We chat with author Yrsa Daley-Ward about The Catch, which is a darkly whimsical tale of women daring to live and create with impunity.
Hi, Yrsa! Can you tell our readers a bit about yourself?
I’m a writer, poet, and speaker born in England, now living between Los Angeles and wherever the work takes me. I write about longing, identity, the body, the unsayable. My work moves between poetry, memoir, fiction, and this emerging field I call poetic intelligence…where writing meets brain science, healing, and attention. I’m interested in how language changes us.
When did you first discover your love for writing and stories?
Very young! I was always writing things down. Songs, scraps and strange little observations. I loved the permission in it. You could say anything on the page, things you couldn’t always say aloud. The freedom of that stayed with me. I always feel the mot liberated on the page.
Quick lightning round! Tell us:
- The first book you ever remember reading: THE LITTLE RED HEN
- The one that made you want to become an author: THE LITTLE RED HEN
- The one that you can’t stop thinking about: Too many Alice Walker’s too many Jeanette Winterson’s too many Toni Morrison’s
Your debut fiction novel, The Catch, is out now!
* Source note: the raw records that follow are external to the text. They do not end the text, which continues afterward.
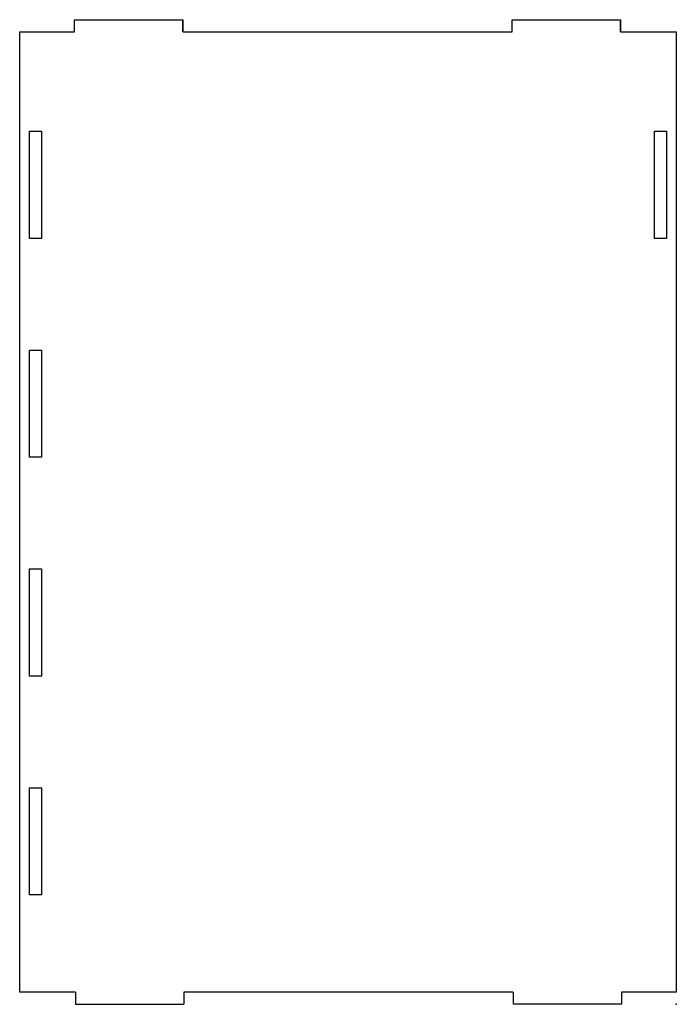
# Model space of a CAD drawing. Header units: centimetres. Extents: x -30 to 0, y 0 to 45.
import ezdxf

# ---------------------------------------------------------------- set-up
doc = ezdxf.new("R2010")
doc.units = ezdxf.units.CM
doc.header["$MEASUREMENT"] = 0
doc.layers.add('DustBox_side2 v3_Sketch1', color=7, linetype='Continuous')

msp = doc.modelspace()

# ---------------------------------------------------------------- linework, layer by layer
at = {"layer": 'DustBox_side2 v3_Sketch1'}
for p, q in [((-27.5, 44.45), (-27.5, 45)), ((-27.5, 45), (-22.55, 45)), ((-27.5, 44.45), (-27.5, 45)), ((-27.5, 45), (-22.55, 45)), ((-22.55, 45), (-22.55, 44.45)), ((-22.55, 44.45), (-22.55, 45)), ((-7.5, 44.45), (-7.5, 45)), ((-7.5, 45), (-2.55, 45)), ((-7.5, 45), (-2.55, 45)), ((-7.5, 44.45), (-7.5, 45)), ((-2.55, 45), (-2.55, 44.45)), ((-2.55, 44.45), (-2.55, 45)), ((-30, 0.55), (-30, 44.45)), ((-30, 44.45), (-27.5, 44.45)), ((-30, 44.45), (-27.5, 44.45)), ((-22.55, 44.45), (-7.5, 44.45)), ((-22.55, 44.45), (-7.5, 44.45)), ((-2.55, 44.45), (0, 44.45)), ((-2.55, 44.45), (0, 44.45)), ((0, 44.45), (0, 0.55)), ((-29.55, 39.9), (-29, 39.9)), ((-29.55, 35), (-29.55, 39.9)), ((-29, 39.9), (-29, 35)), ((-1, 35), (-1, 39.9)), ((-1, 39.9), (-0.45, 39.9)), ((-0.45, 39.9), (-0.45, 35)), ((-29, 35), (-29.55, 35)), ((-0.45, 35), (-1, 35)), ((-29.55, 25), (-29.55, 29.9)), ((-29.55, 29.9), (-29, 29.9)), ((-29, 29.9), (-29, 25)), ((-29, 25), (-29.55, 25)), ((-29.55, 19.9), (-29, 19.9)), ((-29.55, 15), (-29.55, 19.9)), ((-29, 19.9), (-29, 15)), ((-29, 15), (-29.55, 15)), ((-29.55, 5), (-29.55, 9.9)), ((-29.55, 9.9), (-29, 9.9)), ((-29, 9.9), (-29, 5)), ((-29, 5), (-29.55, 5)), ((-27.45, 0.55), (-30, 0.55)), ((-27.45, 0.55), (-27.45, 0)), ((-22.5, 0.55), (-22.5, 0)), ((-7.45, 0.55), (-22.5, 0.55)), ((-7.45, 0.55), (-7.45, 0)), ((0, 0.55), (-2.5, 0.55)), ((-2.5, 0.55), (-2.5, 0)), ((-27.45, 0), (-22.5, 0)), ((-2.5, 0), (-7.45, 0))]:
    msp.add_line(p, q, dxfattribs=at)
msp.add_point((0, 0), dxfattribs=at)

doc.saveas('drawing.dxf')

If you could only describe it in five words, what would they be?
Dark. Lyrical. Oddball. Haunting. Defiant.
What can readers expect?
A fierce, lyrical novel about twin sisters, abandonment, longing, and the search for a lost mother. But more than that it’s about memory, identity, and the ways we survive what haunts us. How we author our lives. Expect poetics inside the prose and a world that gets under your skin.
Where did the inspiration for The Catch come from?
I’d been circling themes of mother-loss, sisterhood, and unspoken family stories for years. They kept showing up in poems, in fragments. At some point, the story insisted on becoming a novel. The Catch was written out of both anger and deep longing…a need to transform certain ghosts.
Were there any moments or characters you really enjoyed writing or exploring?
The twin dynamic between Clara and Dempsey was fascinating to write… two mirrors, two opposites, always circling each other. I also loved writing the stranger-woman is she their mother character, whose ambiguity and magnetism really pull the story into its deeper waters.
Did you face any challenges whilst writing? How did you overcome them?
I’m sure. But it was like a dream, and I don’t recall the challenges now. I trusted the process, even when it was uncomfortable.
What’s next for you?
I’m touring with The Catch now and building out the utter, a platform that blends neuroscience, poetry and brain health, as I mentioned earlier. Poetic intelligence. I am always moving between forms, but it’s all connected: how language heals, how it sharpens us.
Lastly, what books have you enjoyed reading this year? Are there any you’re looking forward to picking up?
Books I enjoyed this year are Necessary Fiction by Eloghosa Osunde. I was lucky to read an advance copy What an extraordinary writer. Also A Brief History of Seven Killings by Marlon James – epic, brutal, brilliant. I am circling back, I think, this year to Ann Carson and Octavia E. Butler. They spark my imagination.